— У меня к вам просьба.
— Чем могу служить?
— Мне нужно попасть в клуб, но я пока что не член Союза.
— Так прошу!
Они удалились, а через некоторое время — недолгое — дядька возник за стеклом и поманил Алешу пальцем.
— Это вы бедный брат?
— Я.
— Пошли.
Прошли мимо свирепых старух в черном (вот кто охраняет писателей), мимо зеркал и деревянных панелей в прохладной сумеречной глубине; с огромного портрета некто глянул зорко («Покойник Фадеев, — пояснил дядька. — „Разгром“»), сейчас гаркнет: «Партбилет на стол!»
— Ну-с, молодые люди?
— Спасибо, — сказала Лиза.
— Рад служить. Левушка.
— Я Лиза, а это Алеша.
— Лиза и Алеша — прелесть. Что-то такое незабвенное, знаете, карамазовское. И как похожи.
— Мы близнецы, сироты.
— Ай-ай-ай!
— А вы в каком жанре?
— Драма. Одинокий поживший человек кончает жизнь самоубийством. Действие первое — в морге. Угрюмый сторож уходит, гремя ключами…

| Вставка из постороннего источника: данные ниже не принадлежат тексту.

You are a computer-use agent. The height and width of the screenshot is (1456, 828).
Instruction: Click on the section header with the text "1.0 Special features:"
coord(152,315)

— Левушка, — сказал, подойдя, господин в черном. — Привезли немецкое пиво.
— Присоединяйтесь! — щедро воскликнул Левушка и пояснил, как в старомодной пьесе, «в сторону»: — Это приютские близнецы.

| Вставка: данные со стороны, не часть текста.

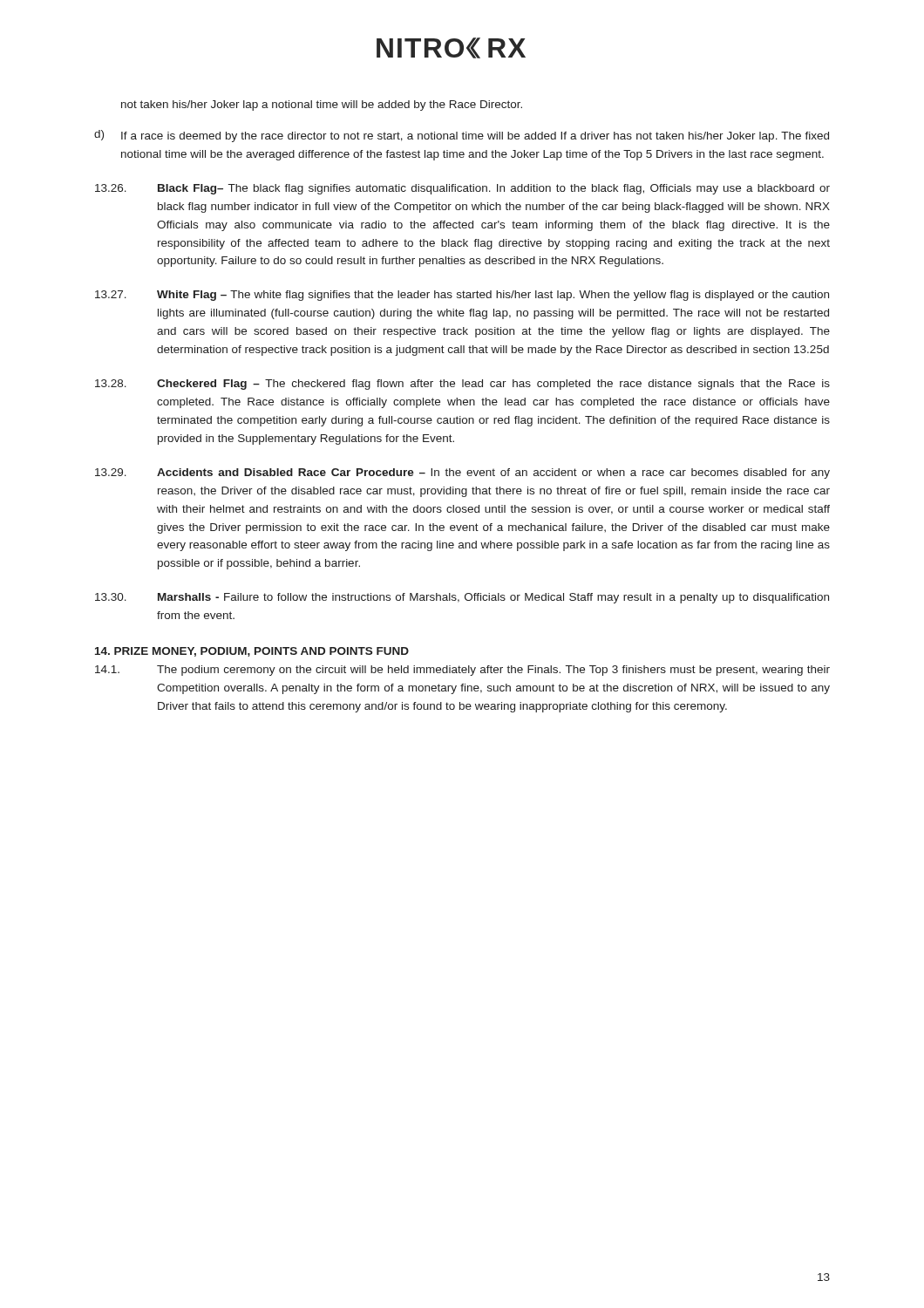Viewport: 924px width, 1308px height.
Task: Locate the block of text that opens with "29. Accidents and"
Action: pos(462,518)

— Присоединяйтесь! — жалостливо поддержал господин в черном.
Лиза ответила твердо:
— Мы сами по себе, — и повлекла Алешу в какие-то деревянные переходики, клетушки и лесенки в поисках позапрошлого подвальчика с пирожными.

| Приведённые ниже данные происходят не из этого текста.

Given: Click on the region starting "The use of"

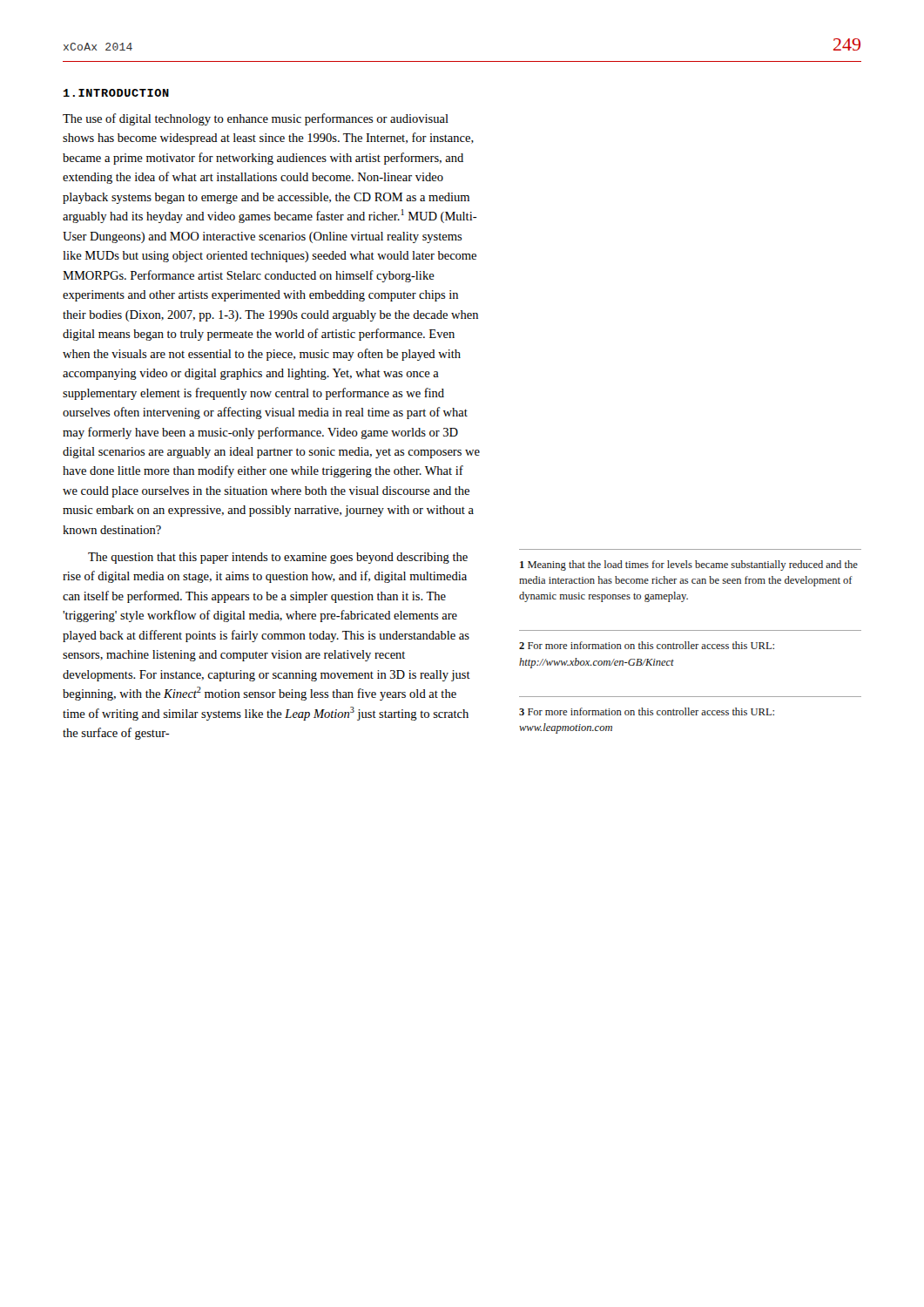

В дубовом подвале, в клубах дыма, в тускло-мрачном отблеске словно погребальных светильников сидели писатели и пили пиво. Она сегодня собиралась напоить его «кофием» — Алеша грустно поник над своей чашечкой.
— Отличные пирожные, да?
— Напрасно не дослушали Левушку, — сказал он рассеянно. — Сторож уходит, трупы оживают…
— Да ну, дрянь. Он только что придумал. Ты представляешь советскую пьесу про мертвецов?
К соседнему столику, за которым сидели двое в черном, подошел третий, тоже траурный, и обратился официально:
— Товарищ Светлый, почему вас не было в крематории?
— Потому что я не мог, — с достоинством ответил один из сидящих.
— Ваша речь была запланирована.
— Это недоразумение, товарищ Маков, так и передайте своим товарищам. Я никогда не присутствую на гражданских панихидах, у меня нервы.
— У всех нервы.
Стоящий отошел, а сидящий процедил:
— У него нервы, слыхали? Юморист-сатирик! Участвует во всех похоронных комиссиях, сжигает сладострастно.
— Да плюнь, — посоветовал второй сидящий и отпил из немецкой жестянки. — Как твой доктор говорит: «Жизнь прекрасна».
— Ага! — констатировал Алеша. — То-то они все не в себе. Товарища похоронили.
— А-а… портрет… Александра Фадеева?
— Ну, Лиз, — изумился Алеша, — вот никогда я не доверял отличникам. Да он трагически погиб тыщу лет назад, чуть не во время войны.